By Liz Schevtchuk Armstrong

Noting their hours of research and review and need to balance complex concerns, two members of the Cold Spring Historic District Review Board say they ultimately voted for demolition of the old Butterfield Hospital because of issues of the hospital’s “historic fabric” and an inability to save only part of the structure.

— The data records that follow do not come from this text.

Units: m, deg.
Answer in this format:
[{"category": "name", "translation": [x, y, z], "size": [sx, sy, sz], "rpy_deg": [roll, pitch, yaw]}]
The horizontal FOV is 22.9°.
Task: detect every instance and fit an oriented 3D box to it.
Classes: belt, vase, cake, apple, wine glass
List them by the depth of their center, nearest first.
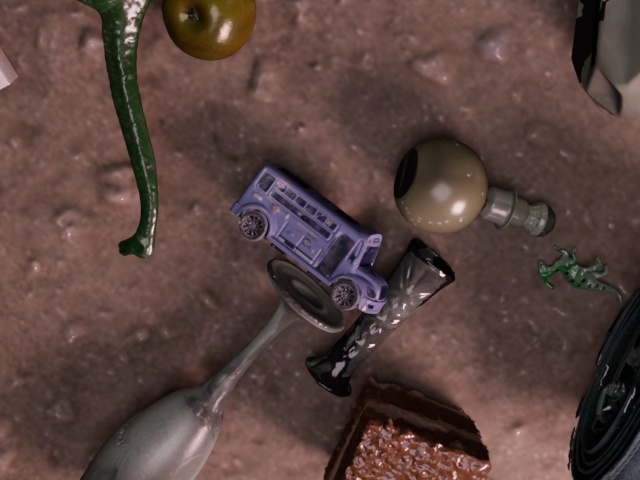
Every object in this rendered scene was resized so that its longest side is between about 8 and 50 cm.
[{"category": "vase", "translation": [0.297, -0.292, 1.379], "size": [0.165, 0.165, 0.360], "rpy_deg": [-3, 104, 3]}, {"category": "apple", "translation": [-0.104, -0.210, 1.458], "size": [0.090, 0.074, 0.089], "rpy_deg": [6, 105, 23]}, {"category": "belt", "translation": [0.321, 0.153, 1.487], "size": [0.116, 0.206, 0.267], "rpy_deg": [20, 119, -5]}, {"category": "cake", "translation": [0.082, 0.217, 1.547], "size": [0.135, 0.147, 0.134], "rpy_deg": [22, 109, -5]}, {"category": "vase", "translation": [0.058, 0.077, 1.550], "size": [0.059, 0.059, 0.167], "rpy_deg": [39, 105, -9]}, {"category": "wine glass", "translation": [-0.169, 0.099, 1.583], "size": [0.264, 0.096, 0.309], "rpy_deg": [47, 107, 14]}]

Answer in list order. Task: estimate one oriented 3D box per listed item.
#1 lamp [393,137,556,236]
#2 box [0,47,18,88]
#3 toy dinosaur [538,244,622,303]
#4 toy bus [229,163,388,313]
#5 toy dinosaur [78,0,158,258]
[{"category": "lamp", "translation": [0.151, -0.038, 1.504], "size": [0.163, 0.091, 0.091], "rpy_deg": [19, 108, -21]}, {"category": "box", "translation": [-0.379, -0.160, 1.500], "size": [0.152, 0.048, 0.100], "rpy_deg": [-28, 103, 8]}, {"category": "toy dinosaur", "translation": [0.252, 0.040, 1.550], "size": [0.062, 0.021, 0.083], "rpy_deg": [-27, 101, 18]}, {"category": "toy bus", "translation": [0.000, 0.000, 1.497], "size": [0.167, 0.073, 0.076], "rpy_deg": [37, 99, 12]}, {"category": "toy dinosaur", "translation": [-0.140, -0.226, 1.388], "size": [0.301, 0.087, 0.447], "rpy_deg": [49, 120, 13]}]
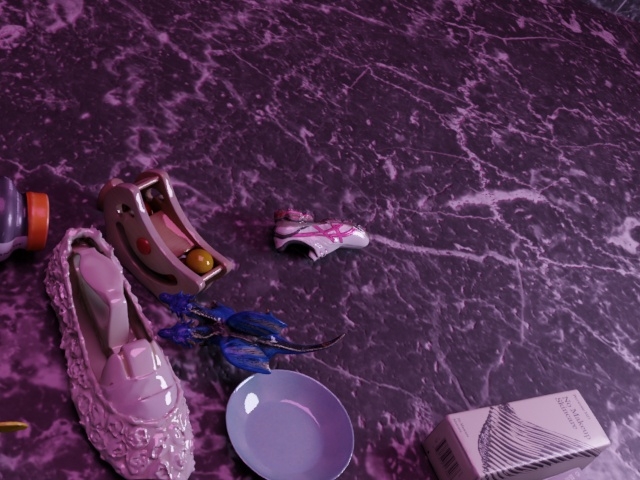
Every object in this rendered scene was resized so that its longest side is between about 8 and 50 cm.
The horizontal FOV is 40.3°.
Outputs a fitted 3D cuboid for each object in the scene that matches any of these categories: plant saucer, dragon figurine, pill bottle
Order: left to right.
[{"bbox_3d":[-0.520,-0.034,1.254,0.246,0.130,0.130,4,47,-24],"label":"pill bottle"},{"bbox_3d":[-0.103,0.142,1.275,0.289,0.085,0.144,18,-1,-10],"label":"dragon figurine"},{"bbox_3d":[-0.048,0.277,1.261,0.195,0.037,0.195,14,44,-15],"label":"plant saucer"}]

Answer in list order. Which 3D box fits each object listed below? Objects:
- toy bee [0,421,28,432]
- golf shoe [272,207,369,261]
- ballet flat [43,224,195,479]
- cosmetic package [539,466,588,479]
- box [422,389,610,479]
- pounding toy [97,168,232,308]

The hospital was initially completed in 1925 as a single, Georgian-style, neo-colonial edifice; expanded in 1941 by a new wing reflecting the same basic style; and greatly enlarged by a modernistic 1963 make-over that largely obliterated the original construction. Paul Guillaro of Butterfield Realty LLC, the property owner, intends to replace the entire dilapidated building with a new multi-usage, public-private development; the HDRB voted 4 to 1 on Wednesday to approve his application.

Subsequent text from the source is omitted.